Hi! I’m taking a break for a bit at the beginning of the year. We’ll be sharing a few favorite pieces from the past while I’m offline. I’ll be back with fresh content in February. See you next month!

Originally published on September 26, 2024

Confession time. I get a little thrill when packing my daily schedule too tightly. I will complain about it like my hands are tied, as though I had no say in saying “yes” to it all. 

But I secretly delight in it. 

I feel important when I have obligations and long to-do lists. I feel like the day is mine to save. I think I can juggle it and make it work. I even get a little high, not knowing if I can handle it all.

I love it because it leaves little time to unwind.

I love it because it leaves little time to face myself.

I love it because it leaves little room to be anything but the hero in the mess I created. 

I love it because it leaves little room to unravel. 

One Sunday morning, the crux of this conundrum presented itself.

My family was at home and there was nothing on the calendar. The four of us enjoyed a nice breakfast, and a morning thunderstorm rolled through and cleared the way for soft sunlight. The kids were coloring, and Joe was reading. Classical music drifted through the house. It was a snapshot moment of perfection.

Except I wasn’t there. I was in the kitchen, couched and ready to pounce on them with a newly orchestrated chore chart and to-do list we could complete to “catch up” before the week got started. 

At that moment, I paused and had a flashback. 

I am seventeen, slouched over my desk. I am outlining “House Rules” for my family. I slip each of them a copy on their bedside tables. I go to sleep hoping I’ll wake up somewhere new, our way of life transformed. I didn’t. 

What Is Being at Home?

While I have few memories of childhood, I distinctly remember a pervasive sense of uneasiness, especially when I was hanging out at home. I sensed I was doing something wrong a lot of the time. Watching the wrong thing on TV, not doing what I was supposed to be doing, not picking up after myself, and not helping my mom enough or with the things that needed the most attention. I would organize junk drawers, create new systems for our shoe closet, and create lists as a way to face the uneasiness. 

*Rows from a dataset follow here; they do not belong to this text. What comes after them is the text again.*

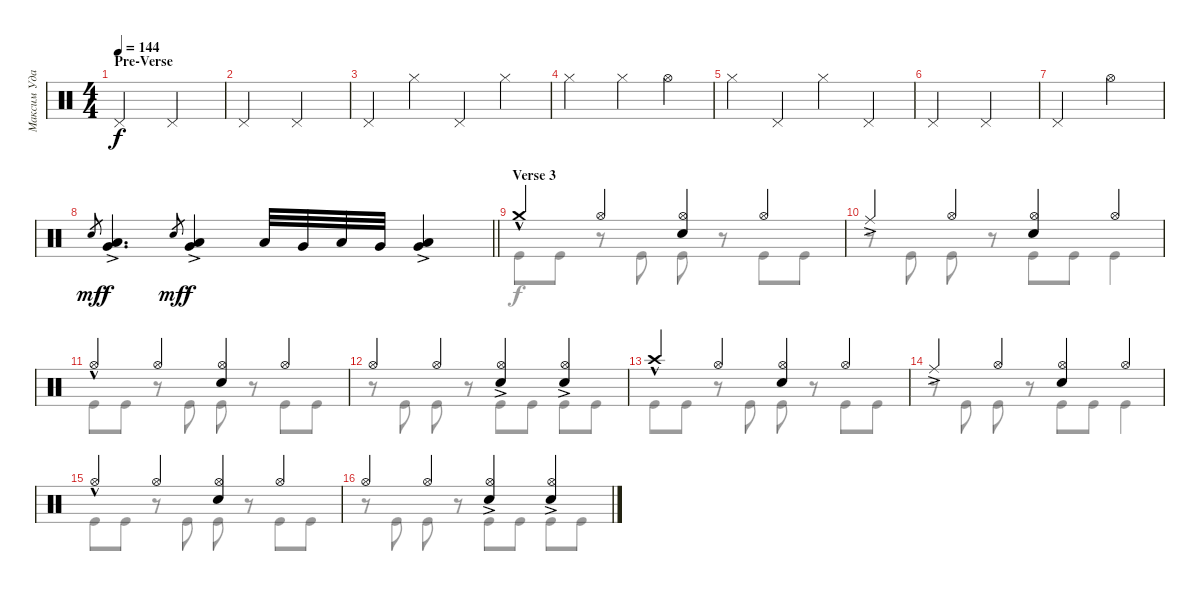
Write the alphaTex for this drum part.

\track ("Максим Удалов" "Максим Уда") {instrument percussion}
\staff {score}
\articulation defaults
\voice
\ts (4 4)
\section ("" "Pre-Verse")
\tempo 144
\clef neutral
\ks c "Pedal Hi-Hat (hit)".2{dy f} "Pedal Hi-Hat (hit)".2
|
"Pedal Hi-Hat (hit)".2 "Pedal Hi-Hat (hit)".2 |
"Pedal Hi-Hat (hit)".4 "Hi-Hat (closed)".4 "Pedal Hi-Hat (hit)".4 "Hi-Hat (closed)".4 |
"Hi-Hat (closed)".2 "Hi-Hat (closed)".4 "Hi-Hat (open)".4 |
"Hi-Hat (closed)".4 "Pedal Hi-Hat (hit)".4 "Hi-Hat (closed)".4 "Pedal Hi-Hat (hit)".4 |
"Pedal Hi-Hat (hit)".2 "Pedal Hi-Hat (hit)".2 |
"Pedal Hi-Hat (hit)".2 "Hi-Hat (open)".2 |
\barLineRight lightlight "Snare (hit)".8{gr dy mf}
("Low Tom (hit)"{ac} "Very Low Tom (hit)"{ac}).4{d dy f} "Snare (hit)".8{gr dy mf} ("Low Tom (hit)"{ac} "Very Low Tom (hit)"{ac}).4{dy f} "Low Tom (hit)".32 "Very Low Tom (hit)".32 "Low Tom (hit)".32 "Very Low Tom (hit)".32 ("Low Tom (hit)"{ac} "Very Low Tom (hit)"{ac}).4 |
\section ("" "Verse 3")
"Crash medium (hit)"{hac}.4 "Hi-Hat (open)".4 ("Hi-Hat (open)" "Snare (hit) 2").4 "Hi-Hat (open)".4 |
"Ride (middle)"{ac}.4 "Hi-Hat (open)".4 ("Hi-Hat (open)" "Snare (hit) 2").4 "Hi-Hat (open)".4 |
"Hi-Hat (open)"{hac}.4 "Hi-Hat (open)".4 ("Hi-Hat (open)" "Snare (hit) 2").4 "Hi-Hat (open)".4 |
"Hi-Hat (open)".4 "Hi-Hat (open)".4 ("Hi-Hat (open)"{ac} "Snare (hit) 2").4 ("Hi-Hat (open)"{ac} "Snare (hit) 2").4 |
"Crash high (hit)"{hac}.4 "Hi-Hat (open)".4 ("Hi-Hat (open)" "Snare (hit) 2").4 "Hi-Hat (open)".4 |
"Ride (middle)"{ac}.4 "Hi-Hat (open)".4 ("Hi-Hat (open)" "Snare (hit) 2").4 "Hi-Hat (open)".4 |
"Hi-Hat (open)"{hac}.4 "Hi-Hat (open)".4 ("Hi-Hat (open)" "Snare (hit) 2").4 "Hi-Hat (open)".4 |
"Hi-Hat (open)".4 "Hi-Hat (open)".4 ("Hi-Hat (open)"{ac} "Snare (hit) 2").4 ("Hi-Hat (open)"{ac} "Snare (hit) 2").4
\voice
\clef neutral
\ottava regular
\simile none
\ks c
|
|
|
|
|
|
|
\barLineRight lightlight
|
"Kick (hit)".8 "Kick (hit)".8 r.8 "Kick (hit)".8 "Kick (hit)".8 r.8 "Kick (hit)".8 "Kick (hit)".8 |
r.8 "Kick (hit)".8 "Kick (hit)".8 r.8 "Kick (hit)".8 "Kick (hit)".8 "Kick (hit)".4 |
"Kick (hit)".8 "Kick (hit)".8 r.8 "Kick (hit)".8 "Kick (hit)".8 r.8 "Kick (hit)".8 "Kick (hit)".8 |
r.8 "Kick (hit)".8 "Kick (hit)".8 r.8 "Kick (hit)".8 "Kick (hit)".8 "Kick (hit)".8 "Kick (hit)".8 |
"Kick (hit)".8 "Kick (hit)".8 r.8 "Kick (hit)".8 "Kick (hit)".8 r.8 "Kick (hit)".8 "Kick (hit)".8 |
r.8 "Kick (hit)".8 "Kick (hit)".8 r.8 "Kick (hit)".8 "Kick (hit)".8 "Kick (hit)".4 |
"Kick (hit)".8 "Kick (hit)".8 r.8 "Kick (hit)".8 "Kick (hit)".8 r.8 "Kick (hit)".8 "Kick (hit)".8 |
r.8 "Kick (hit)".8 "Kick (hit)".8 r.8 "Kick (hit)".8 "Kick (hit)".8 "Kick (hit)".8 "Kick (hit)".8

I worried about my mom. She was often overwhelmed keeping a house and family afloat, just like most of us are today. She gave it her all, held out her hands and grasped at what she could. I see her. I am her. I get it. 

That sense I had as a kid—that I was doing the wrong thing, at the wrong time, in the wrong way—was systemic. My mom didn’t have a lot of help from my dad, our sole provider, who was overworked as well. I worried about him, too. 

They were both underwater, in the middle phase of life with little kids and aging parents, trying their best to be good partners and parents and just make it through the day. There were smiles and family meals and laughter. I was loved, and I was on edge a lot. We all were. I became sensitive to chaos and clutter. I felt helpless to fix their stress, and in a lot of ways, felt I was part of the problem. I didn’t want to be a burden.

“For me, home wasn’t a place to let it all hang out. And part of that belief lives inside me today. The feeling of being home was conditional. Those conditions have followed me into adulthood like a ghost. Home has been the place I’ve turned to cope with what I cannot control as an adult.”

For me, home wasn’t a place to let it all hang out. And part of that belief lives inside me today. The feeling of being home was conditional. Those conditions have followed me into adulthood like a ghost. Home has been the place I’ve turned to cope with what I cannot control as an adult.

I’ve come to believe that when we deny ourselves the space to be, our subconscious finds a way to get those needs met. There are a whole host of ways it manifests itself—through a mental health crisis, chronic illness, or an identity crisis in the face of a great loss, divorce, or career change. 

We all need a safe space to turn to when faced with moments of reckoning. Home is often where we can turn inward, retreat, and find what we need in times of unraveling. 

Sometimes we find that home isn’t where we thought it was.